There are other types of things to wait on that would probably
be useful to add to the api.  For instance, 

void transaction_pause_for_a_while ((Transaction *transaction, guint a_while);

Source already have their own mechanism for destroy notification though, so
we don't need to worry about using named state data.  That means the first
example (waiting on an fd) could be:

transaction_pause_for_fd (transaction, fd, G_IO_READ, close_fd)
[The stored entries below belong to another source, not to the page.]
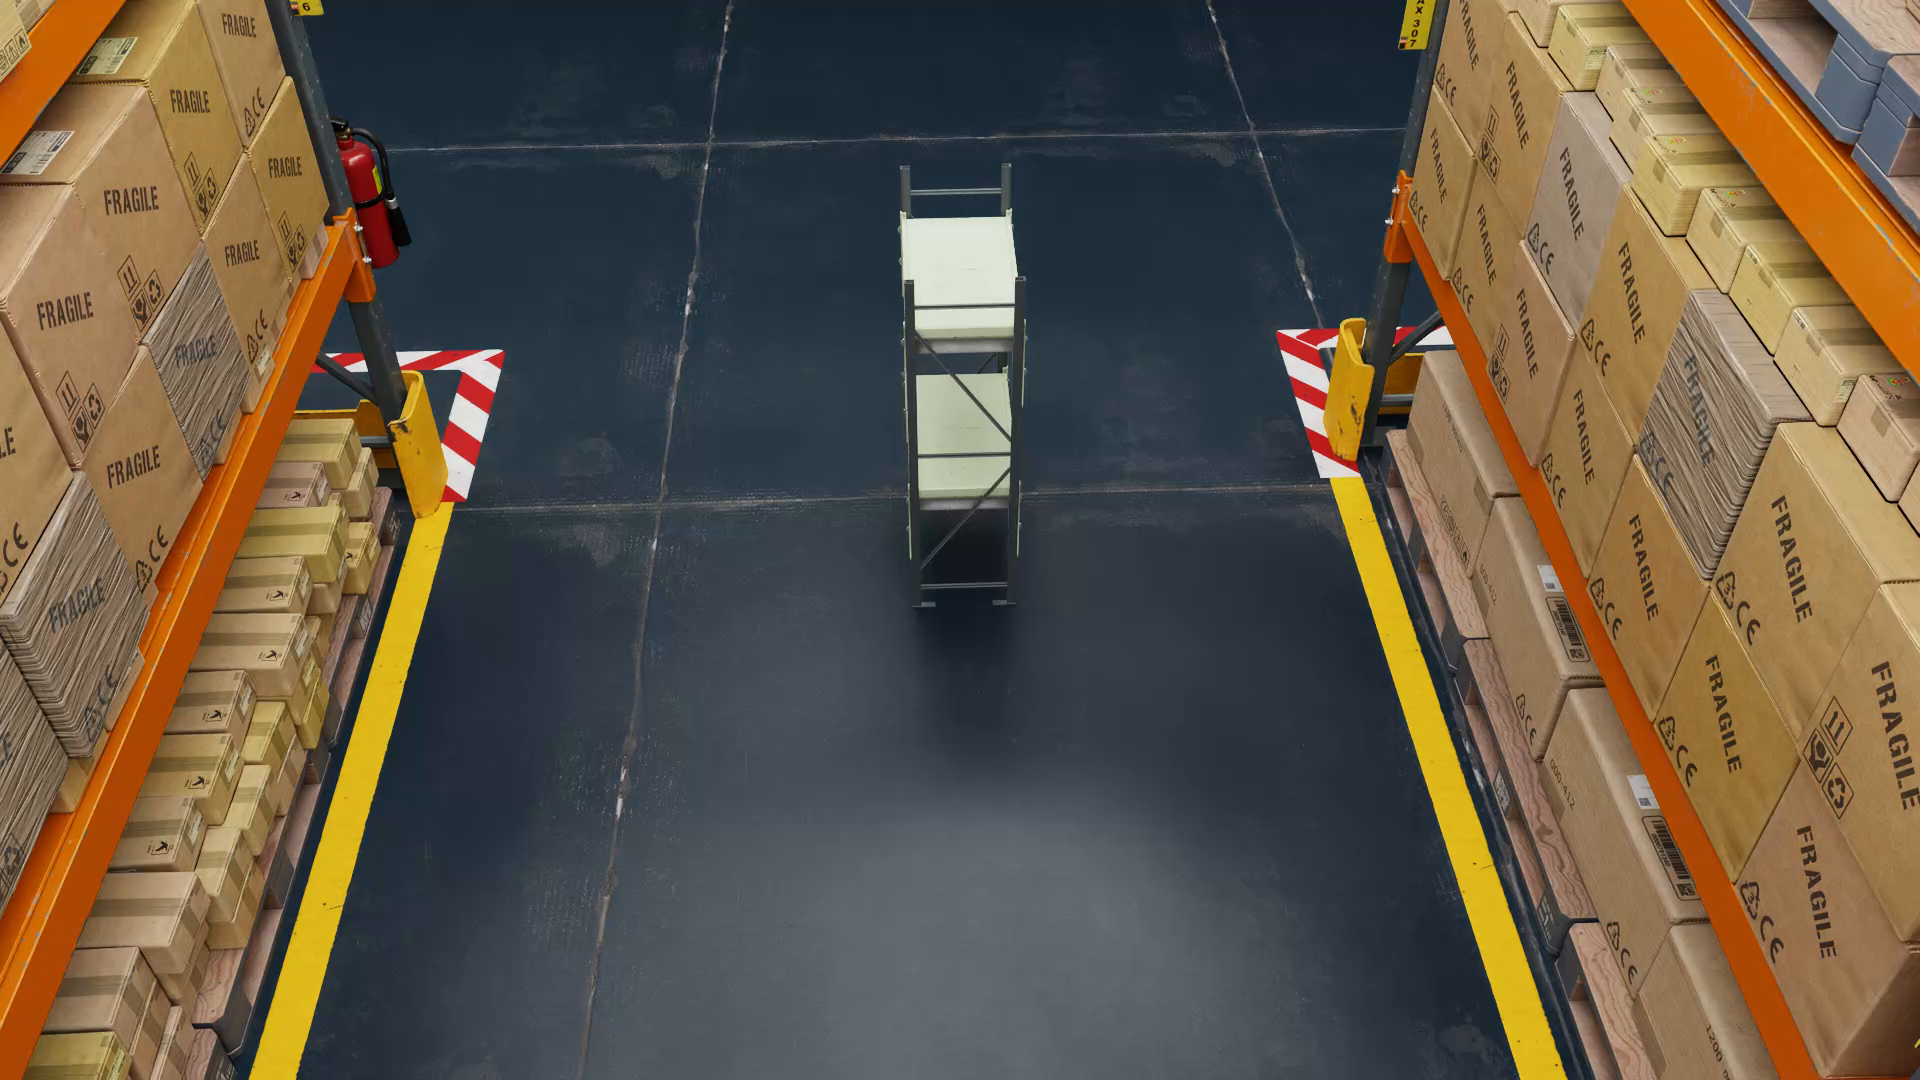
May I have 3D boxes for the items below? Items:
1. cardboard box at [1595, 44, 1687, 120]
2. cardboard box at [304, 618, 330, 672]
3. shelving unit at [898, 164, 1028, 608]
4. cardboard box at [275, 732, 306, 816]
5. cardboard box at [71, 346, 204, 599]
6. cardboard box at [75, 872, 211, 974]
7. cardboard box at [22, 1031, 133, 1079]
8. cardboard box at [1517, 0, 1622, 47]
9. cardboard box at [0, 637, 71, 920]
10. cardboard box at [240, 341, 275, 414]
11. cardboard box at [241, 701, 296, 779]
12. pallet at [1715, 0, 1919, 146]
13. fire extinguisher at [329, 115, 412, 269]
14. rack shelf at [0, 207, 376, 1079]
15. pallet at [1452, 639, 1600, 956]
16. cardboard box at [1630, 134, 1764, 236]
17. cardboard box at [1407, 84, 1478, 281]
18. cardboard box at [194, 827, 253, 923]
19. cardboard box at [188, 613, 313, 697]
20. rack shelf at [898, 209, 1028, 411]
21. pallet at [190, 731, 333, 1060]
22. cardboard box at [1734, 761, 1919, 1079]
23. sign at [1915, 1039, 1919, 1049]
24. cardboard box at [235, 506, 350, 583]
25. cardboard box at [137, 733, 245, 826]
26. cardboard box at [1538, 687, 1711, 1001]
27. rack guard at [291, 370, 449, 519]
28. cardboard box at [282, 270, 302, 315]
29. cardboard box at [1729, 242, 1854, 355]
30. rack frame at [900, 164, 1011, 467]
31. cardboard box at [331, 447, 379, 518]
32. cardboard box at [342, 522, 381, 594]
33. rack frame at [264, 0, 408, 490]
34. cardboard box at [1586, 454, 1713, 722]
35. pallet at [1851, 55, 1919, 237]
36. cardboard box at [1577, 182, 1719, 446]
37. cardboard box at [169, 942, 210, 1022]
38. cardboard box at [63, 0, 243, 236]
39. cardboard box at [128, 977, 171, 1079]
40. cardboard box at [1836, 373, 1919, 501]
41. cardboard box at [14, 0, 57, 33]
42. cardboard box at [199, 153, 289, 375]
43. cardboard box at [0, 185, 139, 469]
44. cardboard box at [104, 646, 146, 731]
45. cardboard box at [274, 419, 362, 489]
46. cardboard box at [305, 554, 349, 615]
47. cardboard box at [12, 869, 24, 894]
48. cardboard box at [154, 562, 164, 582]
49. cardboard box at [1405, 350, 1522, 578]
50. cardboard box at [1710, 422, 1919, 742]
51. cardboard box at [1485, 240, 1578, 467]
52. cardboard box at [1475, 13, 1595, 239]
[{"bbox_3d":[1.998,-1.248,4.597,0.380,0.149,0.250,-1,43,-1],"label":"cardboard box"},{"bbox_3d":[-2.462,0.416,5.875,0.380,0.149,0.250,-1,43,-1],"label":"cardboard box"},{"bbox_3d":[0.000,-0.548,6.238,0.431,1.500,0.755,-2,43,-2],"label":"shelving unit"},{"bbox_3d":[-2.397,0.772,5.487,0.380,0.149,0.250,-1,43,-1],"label":"cardboard box"},{"bbox_3d":[-2.419,-0.171,4.422,0.500,0.500,0.500,0,43,0],"label":"cardboard box"},{"bbox_3d":[-2.367,1.085,4.705,0.380,0.149,0.250,-1,43,-1],"label":"cardboard box"},{"bbox_3d":[-2.404,1.434,4.324,0.380,0.149,0.250,-2,43,-2],"label":"cardboard box"},{"bbox_3d":[1.905,-1.601,4.983,0.380,0.149,0.250,0,43,0],"label":"cardboard box"},{"bbox_3d":[-2.381,0.531,3.656,0.500,0.500,0.500,-2,43,-2],"label":"cardboard box"},{"bbox_3d":[-2.425,-0.533,5.298,0.380,0.149,0.250,-1,43,-1],"label":"cardboard box"},{"bbox_3d":[-2.395,0.661,5.388,0.380,0.149,0.250,0,43,0],"label":"cardboard box"},{"bbox_3d":[2.284,-1.304,3.799,1.003,0.211,1.213,-2,43,-2],"label":"pallet"},{"bbox_3d":[-2.303,-1.365,6.352,0.296,0.674,0.183,-2,43,-2],"label":"fire extinguisher"},{"bbox_3d":[-2.669,0.268,4.770,1.077,0.370,4.000,-2,43,-2],"label":"rack shelf"},{"bbox_3d":[2.349,0.830,5.689,1.003,0.211,1.213,-2,43,-2],"label":"pallet"},{"bbox_3d":[1.950,-0.906,4.225,0.380,0.149,0.250,-3,43,-3],"label":"cardboard box"},{"bbox_3d":[1.921,-1.262,5.833,0.500,0.500,0.500,-2,43,-2],"label":"cardboard box"},{"bbox_3d":[-2.370,1.013,5.004,0.380,0.149,0.250,-2,43,-2],"label":"cardboard box"},{"bbox_3d":[-2.372,0.379,5.476,0.380,0.149,0.250,0,43,0],"label":"cardboard box"},{"bbox_3d":[0.000,-0.836,5.975,0.431,0.370,0.720,-2,43,-2],"label":"rack shelf"},{"bbox_3d":[-2.703,1.103,5.390,1.003,0.211,1.213,-2,43,-2],"label":"pallet"},{"bbox_3d":[2.082,0.800,3.583,0.500,0.500,0.500,-1,43,-1],"label":"cardboard box"},{"bbox_3d":[1.803,0.812,2.945,0.100,0.325,0.005,-2,43,-2],"label":"sign"},{"bbox_3d":[-2.387,0.022,5.865,0.380,0.149,0.250,-3,43,-3],"label":"cardboard box"},{"bbox_3d":[-2.432,0.736,5.086,0.380,0.149,0.250,-1,43,-2],"label":"cardboard box"},{"bbox_3d":[2.399,0.901,5.132,0.875,0.438,0.875,-3,43,-3],"label":"cardboard box"},{"bbox_3d":[-2.750,-0.374,6.789,1.175,0.500,0.348,-2,43,-2],"label":"rack guard"},{"bbox_3d":[-2.484,-0.874,5.669,0.380,0.149,0.250,-2,43,-2],"label":"cardboard box"},{"bbox_3d":[2.035,-0.565,3.853,0.380,0.149,0.250,-2,43,-3],"label":"cardboard box"},{"bbox_3d":[-0.015,-0.795,6.508,0.400,1.500,0.023,-2,43,-2],"label":"rack frame"},{"bbox_3d":[-2.446,-0.213,6.341,0.380,0.149,0.250,-3,43,-3],"label":"cardboard box"},{"bbox_3d":[-2.411,0.069,6.254,0.380,0.149,0.250,0,43,0],"label":"cardboard box"},{"bbox_3d":[-2.754,-1.347,6.000,1.000,3.000,0.127,-2,43,-2],"label":"rack frame"},{"bbox_3d":[2.019,0.114,4.332,0.500,0.500,0.500,-2,43,-2],"label":"cardboard box"},{"bbox_3d":[2.333,-0.483,2.903,1.003,0.211,1.213,-2,43,-2],"label":"pallet"},{"bbox_3d":[2.004,-0.598,4.369,0.500,0.500,0.500,-1,43,-2],"label":"cardboard box"},{"bbox_3d":[-2.459,1.298,4.913,0.380,0.149,0.250,-3,43,-4],"label":"cardboard box"},{"bbox_3d":[-2.464,-1.218,4.825,0.500,0.500,0.500,-3,43,-3],"label":"cardboard box"},{"bbox_3d":[-2.435,1.372,4.613,0.380,0.149,0.250,-4,43,-4],"label":"cardboard box"},{"bbox_3d":[2.094,-0.221,3.477,0.380,0.149,0.250,-2,43,-2],"label":"cardboard box"},{"bbox_3d":[-2.433,-1.419,3.969,0.500,0.250,0.500,0,43,0],"label":"cardboard box"},{"bbox_3d":[-2.461,-0.850,5.163,0.500,0.500,0.500,-2,43,-2],"label":"cardboard box"},{"bbox_3d":[-2.408,-0.511,4.053,0.500,0.500,0.500,-3,43,-3],"label":"cardboard box"},{"bbox_3d":[-2.373,0.357,4.326,0.380,0.149,0.250,0,43,0],"label":"cardboard box"},{"bbox_3d":[-2.478,-0.320,6.238,0.380,0.149,0.250,-1,43,-1],"label":"cardboard box"},{"bbox_3d":[-2.422,0.138,5.958,0.380,0.149,0.250,-3,43,-4],"label":"cardboard box"},{"bbox_3d":[-2.424,0.711,3.941,0.380,0.149,0.250,-3,43,-4],"label":"cardboard box"},{"bbox_3d":[-2.463,0.008,4.707,0.380,0.149,0.250,-1,43,-1],"label":"cardboard box"},{"bbox_3d":[2.316,-0.325,6.470,0.875,0.438,0.875,-3,43,-3],"label":"cardboard box"},{"bbox_3d":[2.048,0.084,3.624,0.500,0.500,0.500,-2,43,-2],"label":"cardboard box"},{"bbox_3d":[1.974,-0.577,5.086,0.500,0.500,0.500,-2,43,-2],"label":"cardboard box"},{"bbox_3d":[1.952,-1.282,5.115,0.500,0.500,0.500,-3,43,-3],"label":"cardboard box"}]

Another interesting point is actions may sometimes be compound.
In those cases it might be useful to allow an action to prepend
actions before it in the queue.  Perhaps something like:

transaction_add_action (transaction, do_another_operation_first,
                        rollback_the_other_operation)

Another thing to think about is main loop integration.  We
should allow transactions to be attached to arbitratry contexts.

transaction_attach (transaction, g_main_context_get_default ());

One last thing is, after a transaction is successfully completed, 
will each action need to do some sort of clean up?  Or when that's
required is it sufficient to just expect the user to add additional
actions at the end of the chain to do the clean up?

Might need some experimentation to see.

Also, it should be possible to chain transactions together
(treat an transaction as an action).

add_action should be callable from within an action as well.
If that happens then the action should get inserted into the action
queue before the current action and the current action pointer should
get rewound. Rollback handling needs to be thought through in this scenario.
Depending on the order things should get run, we may want to keep the actions 
in a tree so we can track depending information.